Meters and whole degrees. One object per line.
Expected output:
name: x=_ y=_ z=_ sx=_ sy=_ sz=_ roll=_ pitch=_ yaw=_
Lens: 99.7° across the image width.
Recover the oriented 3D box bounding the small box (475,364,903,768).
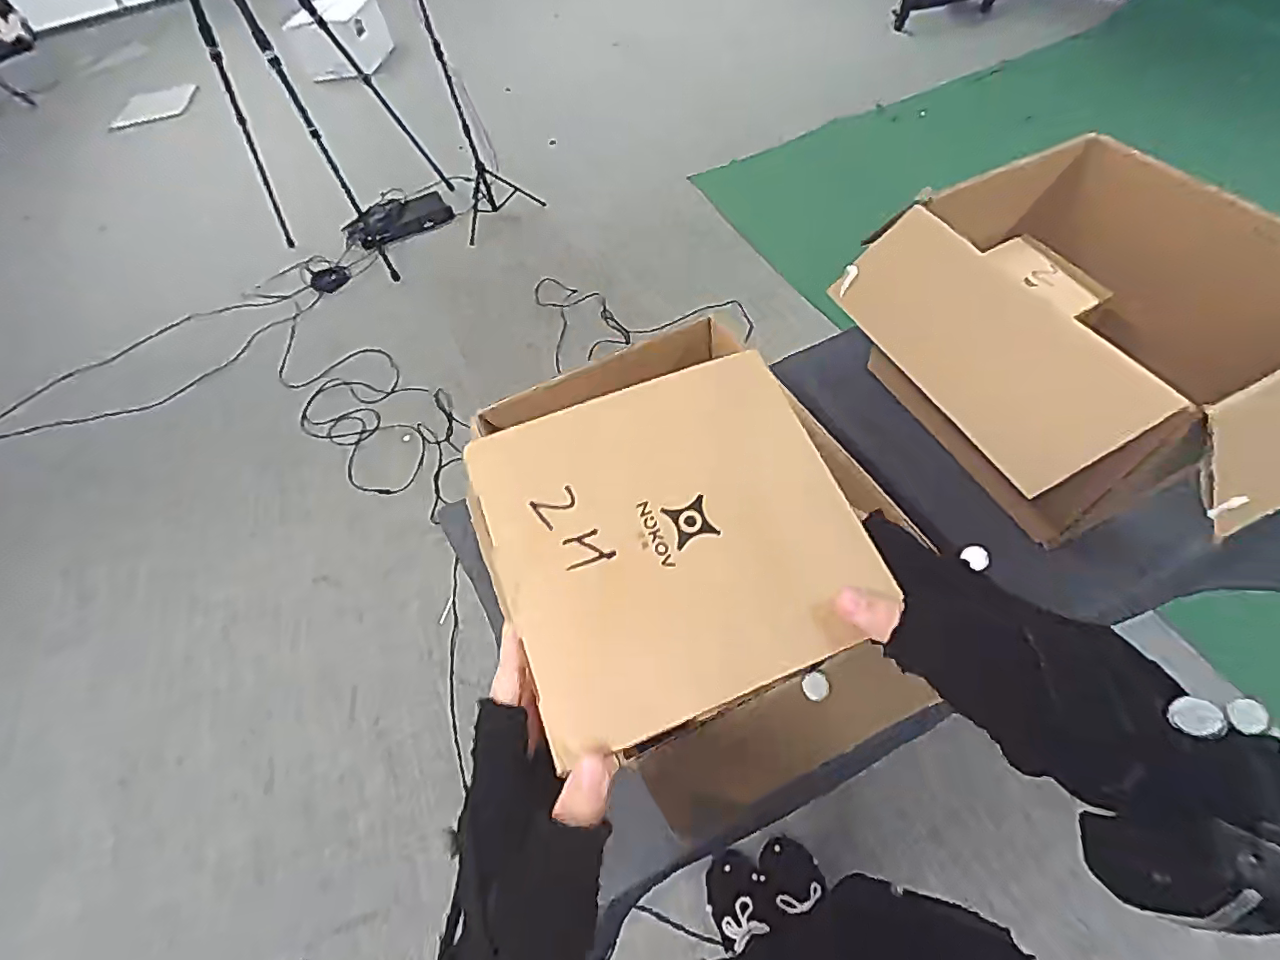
small box: x=0.016 y=0.060 z=0.345 sx=0.179 sy=0.176 sz=0.168 roll=-19 pitch=67 yaw=-10
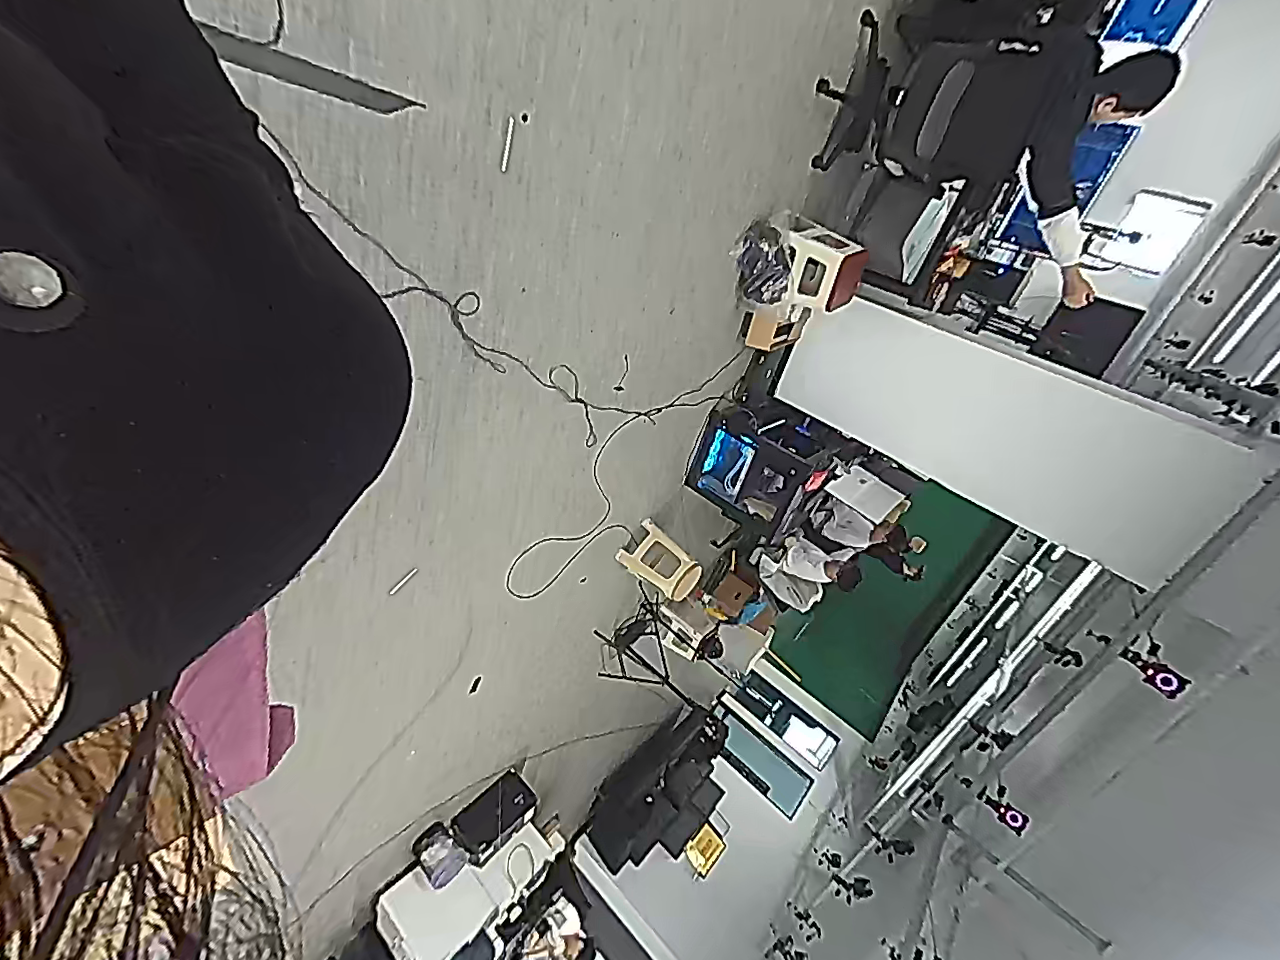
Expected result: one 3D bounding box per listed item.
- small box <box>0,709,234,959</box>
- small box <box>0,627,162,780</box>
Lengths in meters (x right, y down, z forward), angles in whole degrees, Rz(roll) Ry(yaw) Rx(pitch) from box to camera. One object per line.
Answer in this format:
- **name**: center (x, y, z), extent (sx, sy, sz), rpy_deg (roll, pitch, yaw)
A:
- **small box**: center (-0.600, 0.405, 0.608), extent (0.179, 0.176, 0.168), rpy_deg (-24, 141, -48)
- **small box**: center (-0.720, 0.322, 0.679), extent (0.168, 0.176, 0.179), rpy_deg (-22, 138, -48)
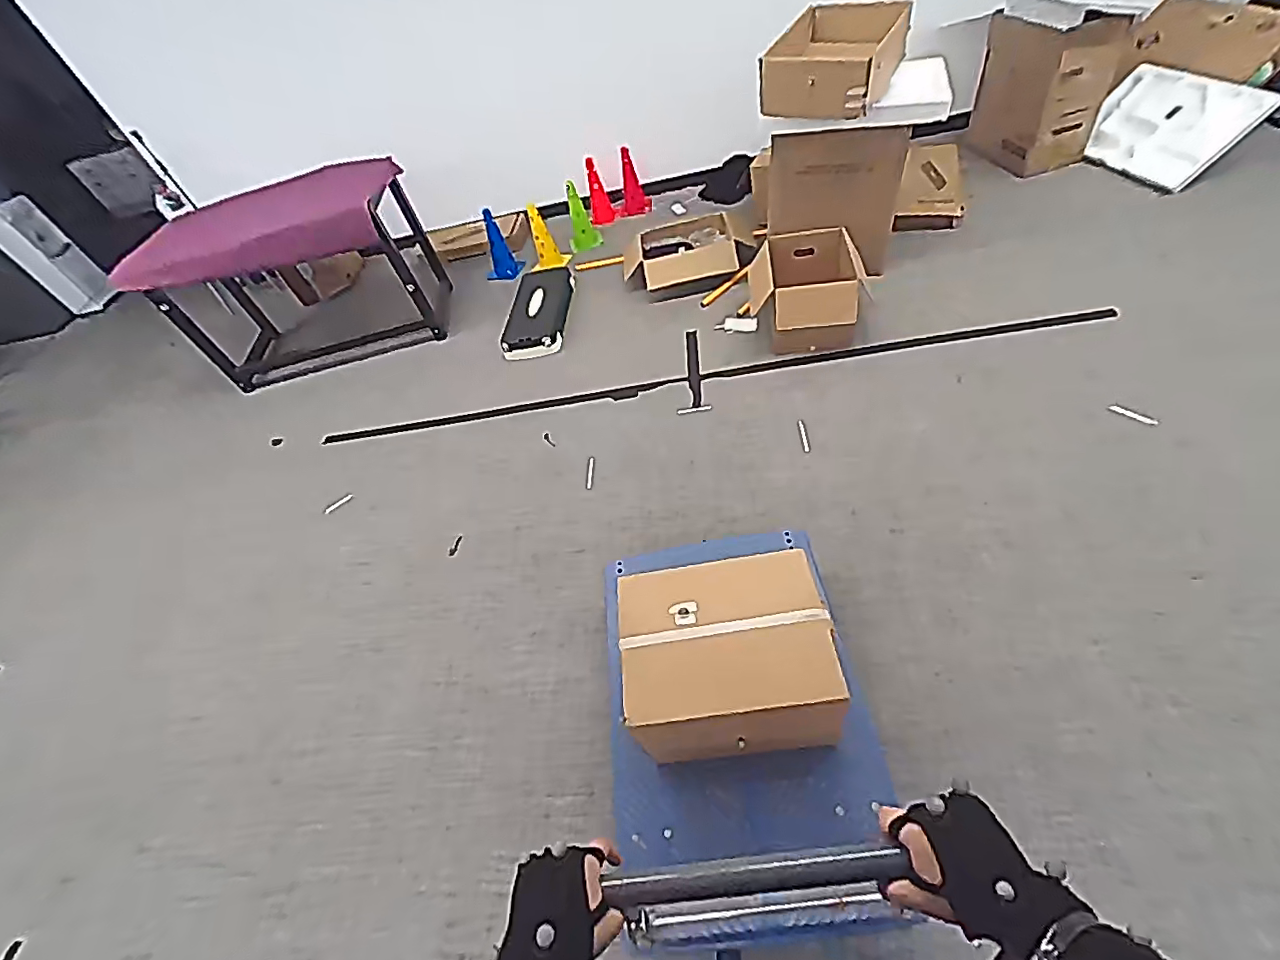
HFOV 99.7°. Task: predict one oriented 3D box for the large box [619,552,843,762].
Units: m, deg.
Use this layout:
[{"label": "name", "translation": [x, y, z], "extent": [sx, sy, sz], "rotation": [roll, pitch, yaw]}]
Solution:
[{"label": "large box", "translation": [0.191, 0.400, 1.192], "extent": [0.408, 0.320, 0.320], "rotation": [-11, 49, 7]}]
* * * * *
Give back the lines above exactly, from the one with "HFOV 99.7°. Task: predict" through the last line.

> [Result for this task]
HFOV 99.7°. Task: predict one oriented 3D box for the large box [619,552,843,762].
Units: m, deg.
Use this layout:
[{"label": "name", "translation": [x, y, z], "extent": [sx, sy, sz], "rotation": [roll, pitch, yaw]}]
Solution:
[{"label": "large box", "translation": [0.191, 0.400, 1.192], "extent": [0.408, 0.320, 0.320], "rotation": [-11, 49, 7]}]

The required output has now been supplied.